→ **Record excerpts**
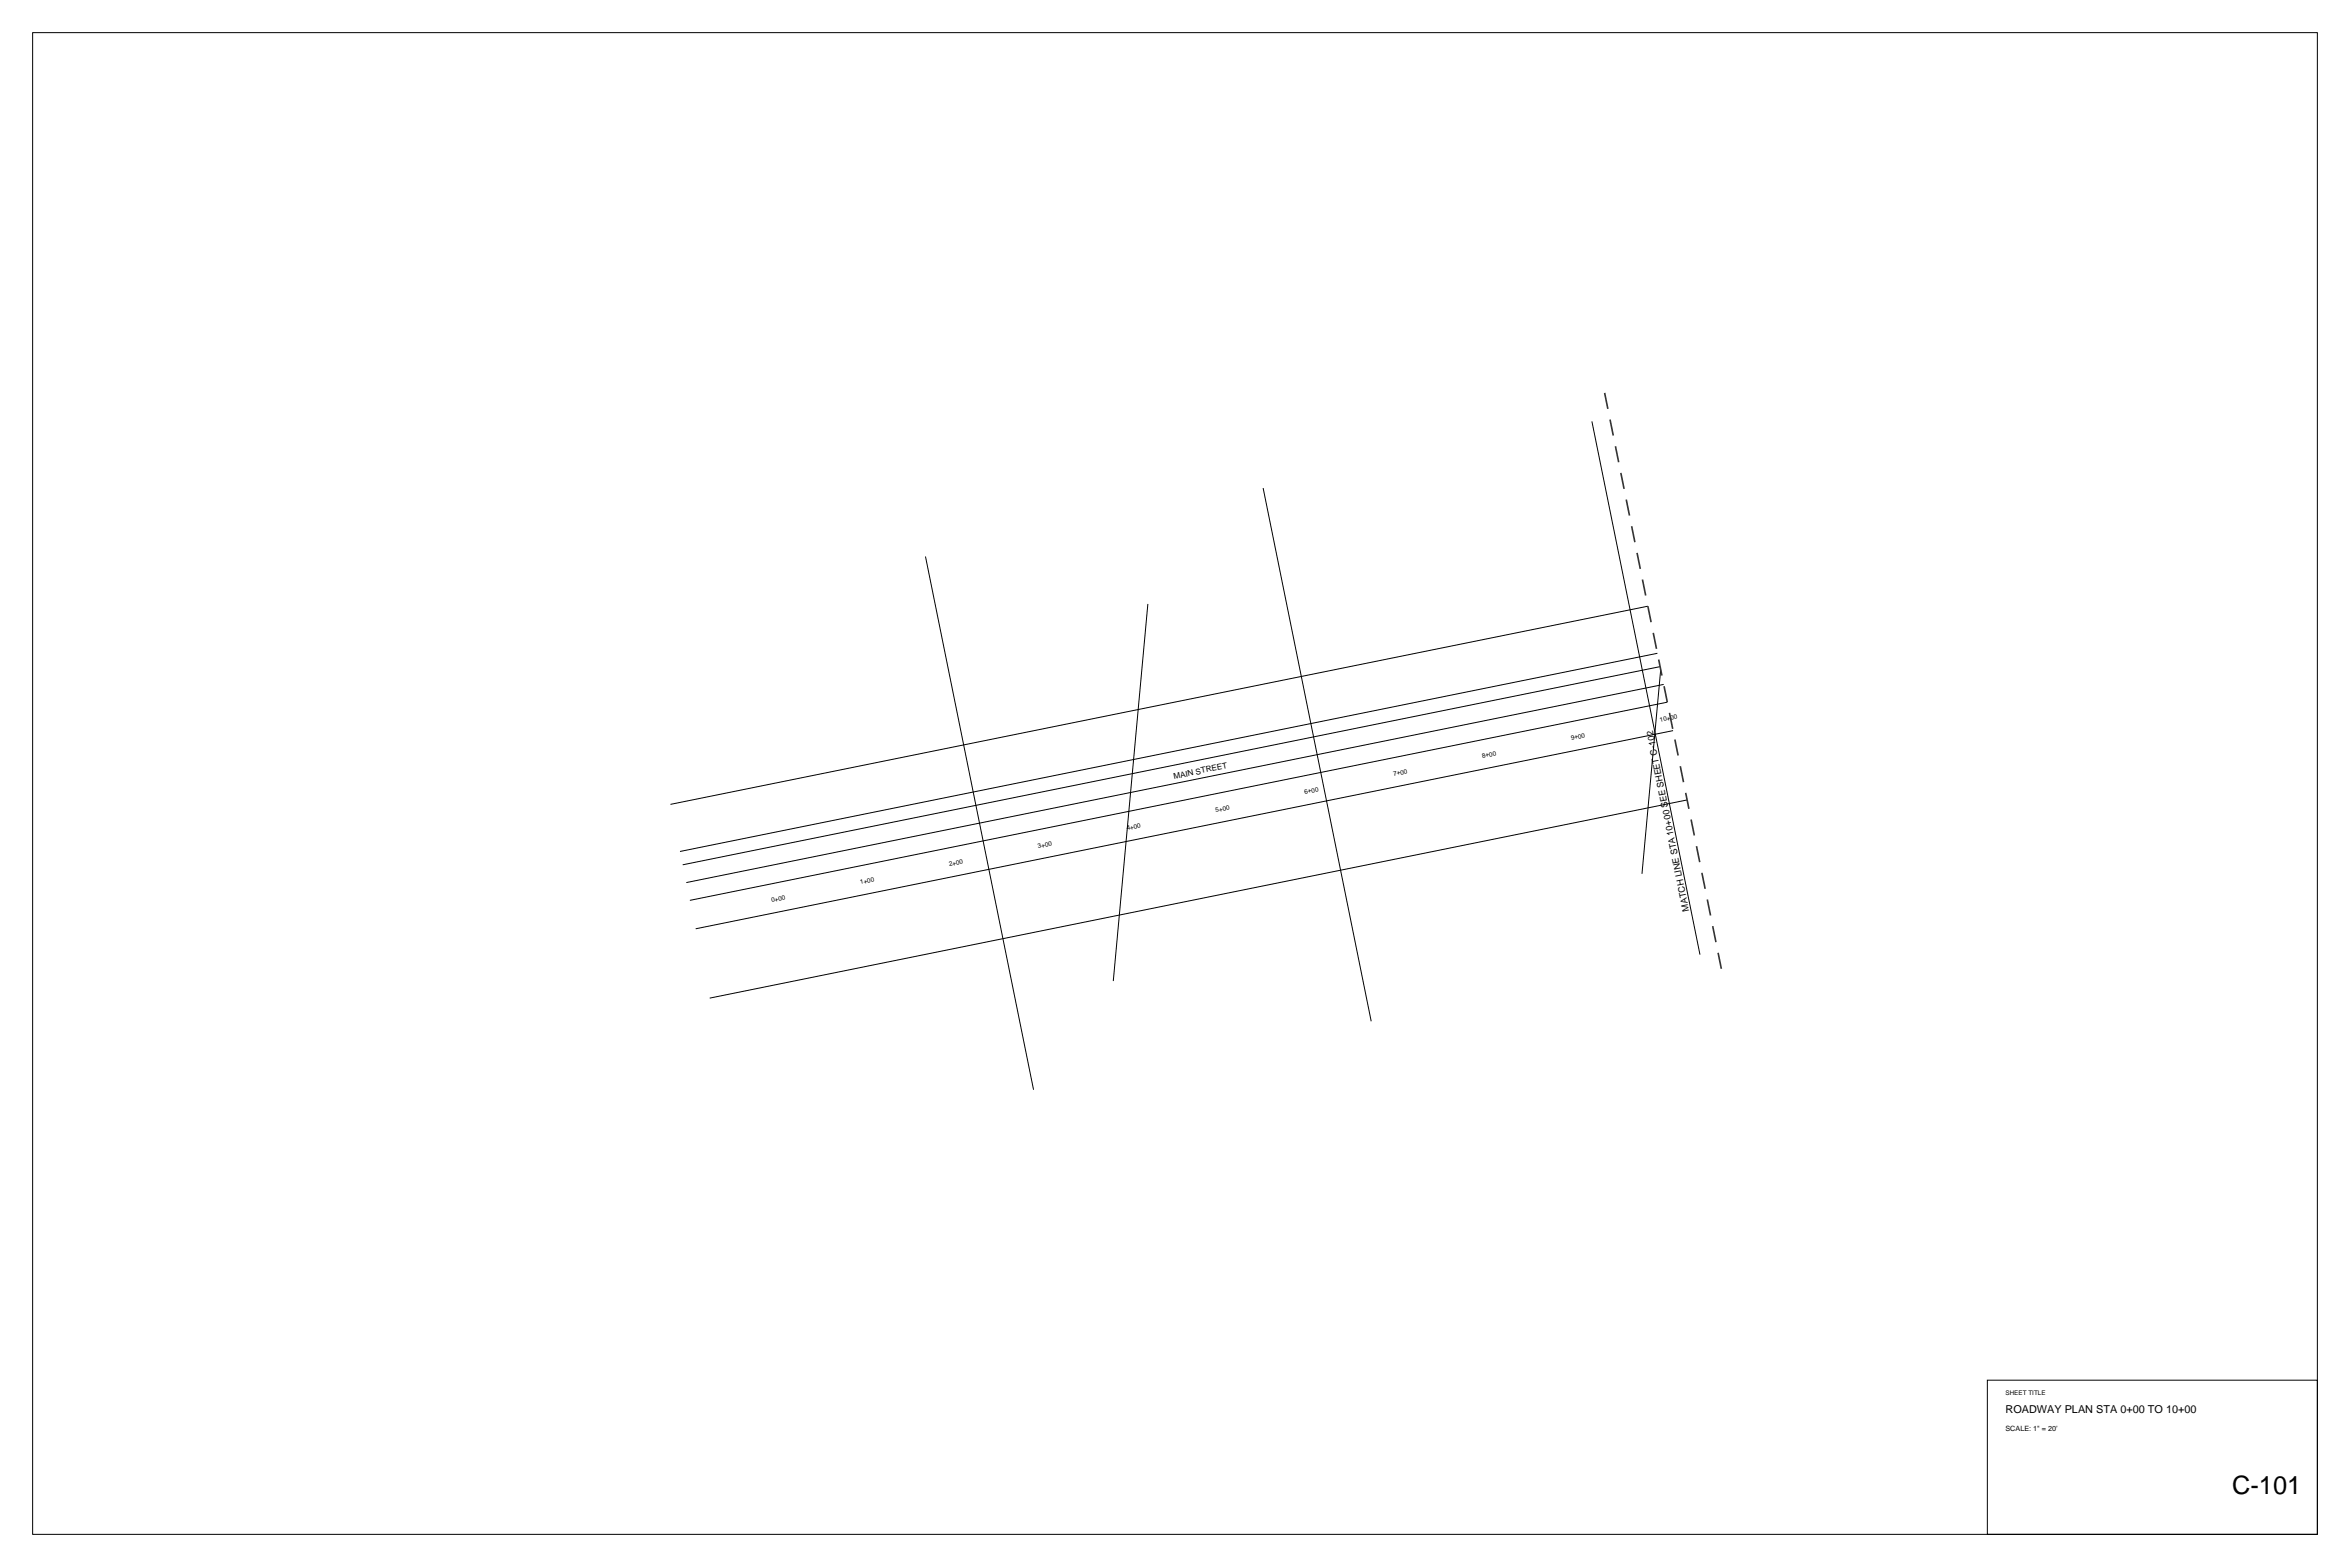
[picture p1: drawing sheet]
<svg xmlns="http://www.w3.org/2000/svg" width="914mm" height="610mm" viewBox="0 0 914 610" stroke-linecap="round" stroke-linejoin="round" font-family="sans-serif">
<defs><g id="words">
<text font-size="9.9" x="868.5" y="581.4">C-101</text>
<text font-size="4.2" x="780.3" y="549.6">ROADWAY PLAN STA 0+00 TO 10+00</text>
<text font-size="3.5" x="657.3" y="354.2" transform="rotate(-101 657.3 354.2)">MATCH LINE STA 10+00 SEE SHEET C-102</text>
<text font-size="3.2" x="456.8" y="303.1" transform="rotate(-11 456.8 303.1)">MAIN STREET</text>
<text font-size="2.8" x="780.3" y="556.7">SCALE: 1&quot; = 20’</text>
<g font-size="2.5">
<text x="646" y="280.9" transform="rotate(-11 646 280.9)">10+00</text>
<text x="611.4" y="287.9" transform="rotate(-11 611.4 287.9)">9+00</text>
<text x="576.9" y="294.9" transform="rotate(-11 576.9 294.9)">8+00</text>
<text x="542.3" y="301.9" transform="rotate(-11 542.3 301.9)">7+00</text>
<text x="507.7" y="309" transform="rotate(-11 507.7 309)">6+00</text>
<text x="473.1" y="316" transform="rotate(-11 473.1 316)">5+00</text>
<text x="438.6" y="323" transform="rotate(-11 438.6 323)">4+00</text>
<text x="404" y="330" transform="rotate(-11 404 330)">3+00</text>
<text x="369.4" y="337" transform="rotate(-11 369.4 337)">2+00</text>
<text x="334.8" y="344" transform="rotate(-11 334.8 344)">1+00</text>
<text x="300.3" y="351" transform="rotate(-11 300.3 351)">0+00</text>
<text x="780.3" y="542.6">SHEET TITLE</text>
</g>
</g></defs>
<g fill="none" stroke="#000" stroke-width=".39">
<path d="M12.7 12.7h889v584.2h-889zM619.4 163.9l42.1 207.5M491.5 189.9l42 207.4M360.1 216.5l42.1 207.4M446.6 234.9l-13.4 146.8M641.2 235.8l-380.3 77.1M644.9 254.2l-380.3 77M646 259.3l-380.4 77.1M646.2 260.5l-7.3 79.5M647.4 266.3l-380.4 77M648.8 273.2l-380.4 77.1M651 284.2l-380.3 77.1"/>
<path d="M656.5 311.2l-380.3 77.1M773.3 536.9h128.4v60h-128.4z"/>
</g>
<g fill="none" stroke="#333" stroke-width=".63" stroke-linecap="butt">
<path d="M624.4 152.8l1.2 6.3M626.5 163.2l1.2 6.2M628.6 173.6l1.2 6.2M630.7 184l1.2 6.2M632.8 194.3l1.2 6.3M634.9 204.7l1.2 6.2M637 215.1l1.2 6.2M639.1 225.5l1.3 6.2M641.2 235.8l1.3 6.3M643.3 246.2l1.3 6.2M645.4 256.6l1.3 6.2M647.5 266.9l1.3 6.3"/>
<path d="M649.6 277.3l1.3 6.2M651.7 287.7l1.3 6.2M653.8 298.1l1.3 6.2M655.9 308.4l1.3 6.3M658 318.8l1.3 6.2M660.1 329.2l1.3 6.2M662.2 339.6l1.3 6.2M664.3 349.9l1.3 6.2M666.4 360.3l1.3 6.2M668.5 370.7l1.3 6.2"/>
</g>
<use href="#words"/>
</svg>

→ **About this exercise**
This exercise asks for the data above to be given again exactly, without pictures.

→ **Expected answer**
[picture p1: drawing sheet]
<svg xmlns="http://www.w3.org/2000/svg" width="914mm" height="610mm" viewBox="0 0 914 610" stroke-linecap="round" stroke-linejoin="round" font-family="sans-serif">
<defs><g id="words">
<text font-size="9.9" x="868.5" y="581.4">C-101</text>
<text font-size="4.2" x="780.3" y="549.6">ROADWAY PLAN STA 0+00 TO 10+00</text>
<text font-size="3.5" x="657.3" y="354.2" transform="rotate(-101 657.3 354.2)">MATCH LINE STA 10+00 SEE SHEET C-102</text>
<text font-size="3.2" x="456.8" y="303.1" transform="rotate(-11 456.8 303.1)">MAIN STREET</text>
<text font-size="2.8" x="780.3" y="556.7">SCALE: 1&quot; = 20’</text>
<g font-size="2.5">
<text x="646" y="280.9" transform="rotate(-11 646 280.9)">10+00</text>
<text x="611.4" y="287.9" transform="rotate(-11 611.4 287.9)">9+00</text>
<text x="576.9" y="294.9" transform="rotate(-11 576.9 294.9)">8+00</text>
<text x="542.3" y="301.9" transform="rotate(-11 542.3 301.9)">7+00</text>
<text x="507.7" y="309" transform="rotate(-11 507.7 309)">6+00</text>
<text x="473.1" y="316" transform="rotate(-11 473.1 316)">5+00</text>
<text x="438.6" y="323" transform="rotate(-11 438.6 323)">4+00</text>
<text x="404" y="330" transform="rotate(-11 404 330)">3+00</text>
<text x="369.4" y="337" transform="rotate(-11 369.4 337)">2+00</text>
<text x="334.8" y="344" transform="rotate(-11 334.8 344)">1+00</text>
<text x="300.3" y="351" transform="rotate(-11 300.3 351)">0+00</text>
<text x="780.3" y="542.6">SHEET TITLE</text>
</g>
</g></defs>
<g fill="none" stroke="#000" stroke-width=".39">
<path d="M12.7 12.7h889v584.2h-889zM619.4 163.9l42.1 207.5M491.5 189.9l42 207.4M360.1 216.5l42.1 207.4M446.6 234.9l-13.4 146.8M641.2 235.8l-380.3 77.1M644.9 254.2l-380.3 77M646 259.3l-380.4 77.1M646.2 260.5l-7.3 79.5M647.4 266.3l-380.4 77M648.8 273.2l-380.4 77.1M651 284.2l-380.3 77.1"/>
<path d="M656.5 311.2l-380.3 77.1M773.3 536.9h128.4v60h-128.4z"/>
</g>
<g fill="none" stroke="#333" stroke-width=".63" stroke-linecap="butt">
<path d="M624.4 152.8l1.2 6.3M626.5 163.2l1.2 6.2M628.6 173.6l1.2 6.2M630.7 184l1.2 6.2M632.8 194.3l1.2 6.3M634.9 204.7l1.2 6.2M637 215.1l1.2 6.2M639.1 225.5l1.3 6.2M641.2 235.8l1.3 6.3M643.3 246.2l1.3 6.2M645.4 256.6l1.3 6.2M647.5 266.9l1.3 6.3"/>
<path d="M649.6 277.3l1.3 6.2M651.7 287.7l1.3 6.2M653.8 298.1l1.3 6.2M655.9 308.4l1.3 6.3M658 318.8l1.3 6.2M660.1 329.2l1.3 6.2M662.2 339.6l1.3 6.2M664.3 349.9l1.3 6.2M666.4 360.3l1.3 6.2M668.5 370.7l1.3 6.2"/>
</g>
<use href="#words"/>
</svg>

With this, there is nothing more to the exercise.